Since its launch in 2004, the Ecological Flows Tool (EFT) project has had the goal of improving water planning by explicitly linking ecosystem needs with physical models in the Sacramento River and the San Joaquin-Sacramento Delta. Aided by over 70 scientists and managers, we have developed an integrated bio-physical decision support tool that characterizes how a suite of 13 focal species (and habitats) are expected to respond to alternative flow, river bank, and gravel management scenarios.

EFT peer reviewed species sub-models are made up of 25 key life-history indicators, each of which is driven by relevant measures of flow, water temperature, channel migration, salinity and/or stage at a daily timescale. Our research has clearly demonstrated that there is a pressing need to develop greater awareness of the value of flexibility to manage ecosystem trade-offs over time within and among objectives.

The detailed applications of EFT crystallize the fact that it is impossible to achieve all ecosystem objectives – let alone the co-equal goals of meeting human, agricultural and environmental needs – each and every year.

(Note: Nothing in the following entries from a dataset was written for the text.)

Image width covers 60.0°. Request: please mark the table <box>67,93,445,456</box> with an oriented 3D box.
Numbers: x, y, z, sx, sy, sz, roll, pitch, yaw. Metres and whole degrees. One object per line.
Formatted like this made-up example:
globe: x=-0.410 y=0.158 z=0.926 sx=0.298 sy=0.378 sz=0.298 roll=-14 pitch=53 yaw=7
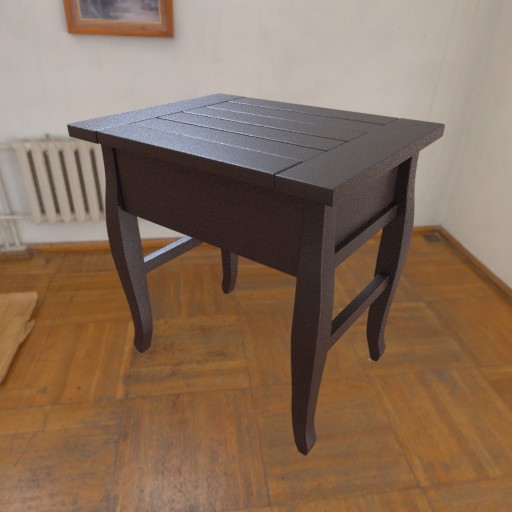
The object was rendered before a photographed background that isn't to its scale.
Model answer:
table: x=0.000 y=0.000 z=1.032 sx=0.602 sy=0.605 sz=0.460 roll=20 pitch=35 yaw=32
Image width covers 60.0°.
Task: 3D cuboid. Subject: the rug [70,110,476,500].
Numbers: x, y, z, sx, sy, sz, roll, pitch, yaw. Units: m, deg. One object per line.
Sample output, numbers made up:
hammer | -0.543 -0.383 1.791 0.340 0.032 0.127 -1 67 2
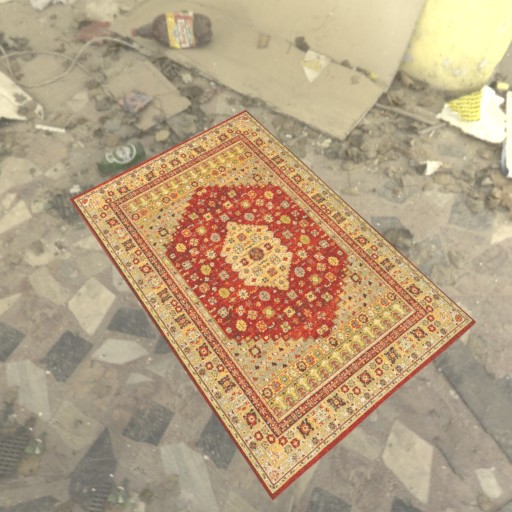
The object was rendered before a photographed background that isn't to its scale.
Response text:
rug | 0.000 0.000 2.231 1.194 0.013 1.802 -33 64 -18

We describe a paradigm shift which involves seeing balance as a condition which does not involve the same species or objectives losing (or winning) unnecessarily often.

Other findings highlight the need for a stronger focus on climate change mitigation itself (and the general difficulty of comparing future scenarios to a progressively deteriorating baseline). Our work also reveals promising results on how EFT flow criteria can be used to create new rules for other hydrosystem models (e.g., CALSIM) to improve outcomes for endangered species.

With its emphasis on specific cause-effect linkages based on functional flow needs, EFT provides a solid framework that remains open to testing, enhancement and adaptation over time.